--- INPUT Enclosed Below ---

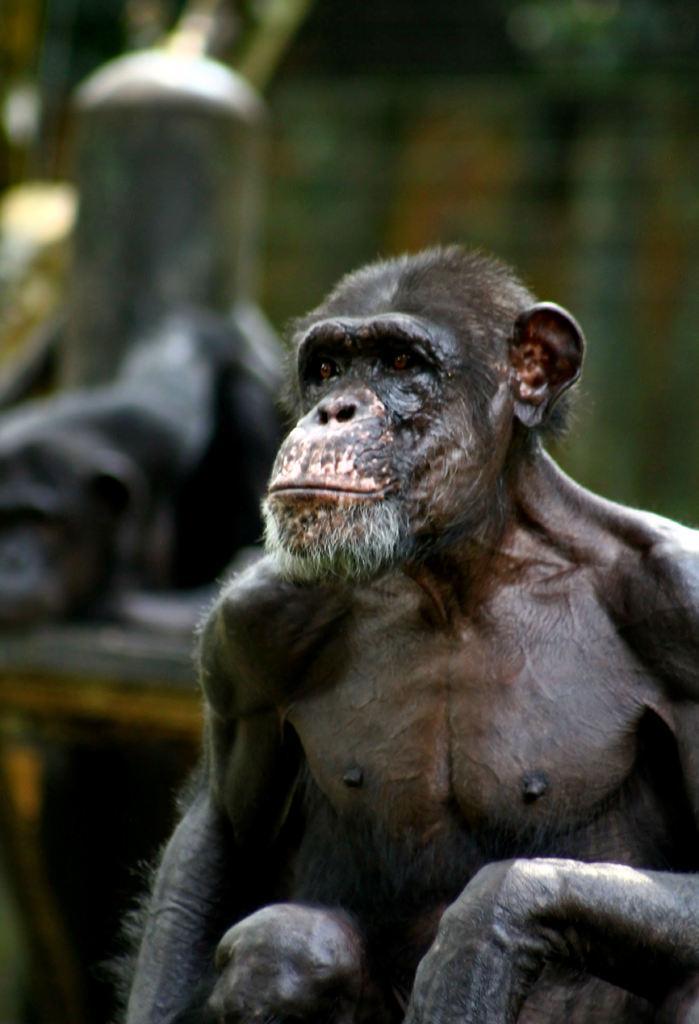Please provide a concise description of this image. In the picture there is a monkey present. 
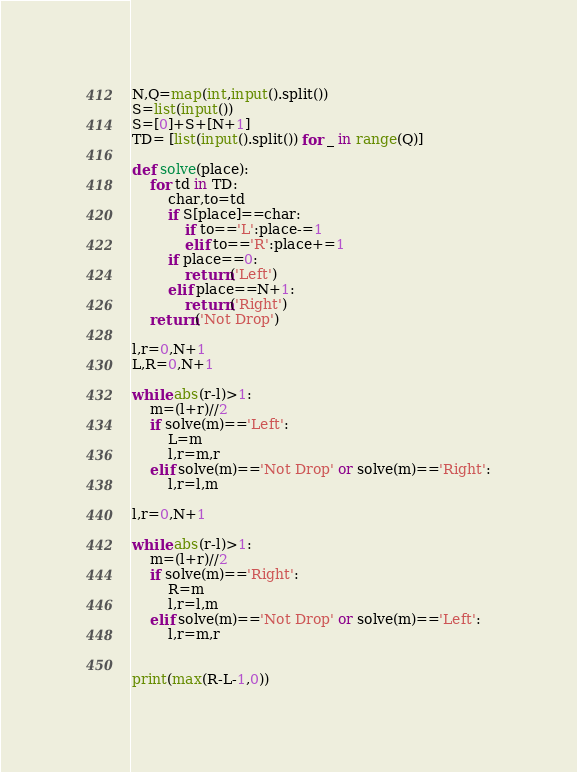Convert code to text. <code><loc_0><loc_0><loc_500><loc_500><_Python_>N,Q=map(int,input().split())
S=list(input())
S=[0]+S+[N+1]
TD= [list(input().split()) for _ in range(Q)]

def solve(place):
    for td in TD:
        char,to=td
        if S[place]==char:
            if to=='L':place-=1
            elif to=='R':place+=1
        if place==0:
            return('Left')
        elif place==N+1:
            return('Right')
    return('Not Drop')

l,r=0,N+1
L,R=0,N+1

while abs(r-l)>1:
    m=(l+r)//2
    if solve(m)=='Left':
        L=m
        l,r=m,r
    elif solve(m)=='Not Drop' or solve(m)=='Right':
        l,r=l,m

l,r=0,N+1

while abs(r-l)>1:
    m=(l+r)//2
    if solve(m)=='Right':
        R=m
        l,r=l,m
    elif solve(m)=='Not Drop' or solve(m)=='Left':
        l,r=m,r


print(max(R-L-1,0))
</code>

--- End of Enclosed INPUT ---

■ TRY IT:
Copy every record exactly, leaving the pictures out.

■ OUTPUT FOR THIS TASK:
Please provide a concise description of this image. In the picture there is a monkey present. 
Convert code to text. <code><loc_0><loc_0><loc_500><loc_500><_Python_>N,Q=map(int,input().split())
S=list(input())
S=[0]+S+[N+1]
TD= [list(input().split()) for _ in range(Q)]

def solve(place):
    for td in TD:
        char,to=td
        if S[place]==char:
            if to=='L':place-=1
            elif to=='R':place+=1
        if place==0:
            return('Left')
        elif place==N+1:
            return('Right')
    return('Not Drop')

l,r=0,N+1
L,R=0,N+1

while abs(r-l)>1:
    m=(l+r)//2
    if solve(m)=='Left':
        L=m
        l,r=m,r
    elif solve(m)=='Not Drop' or solve(m)=='Right':
        l,r=l,m

l,r=0,N+1

while abs(r-l)>1:
    m=(l+r)//2
    if solve(m)=='Right':
        R=m
        l,r=l,m
    elif solve(m)=='Not Drop' or solve(m)=='Left':
        l,r=m,r


print(max(R-L-1,0))
</code>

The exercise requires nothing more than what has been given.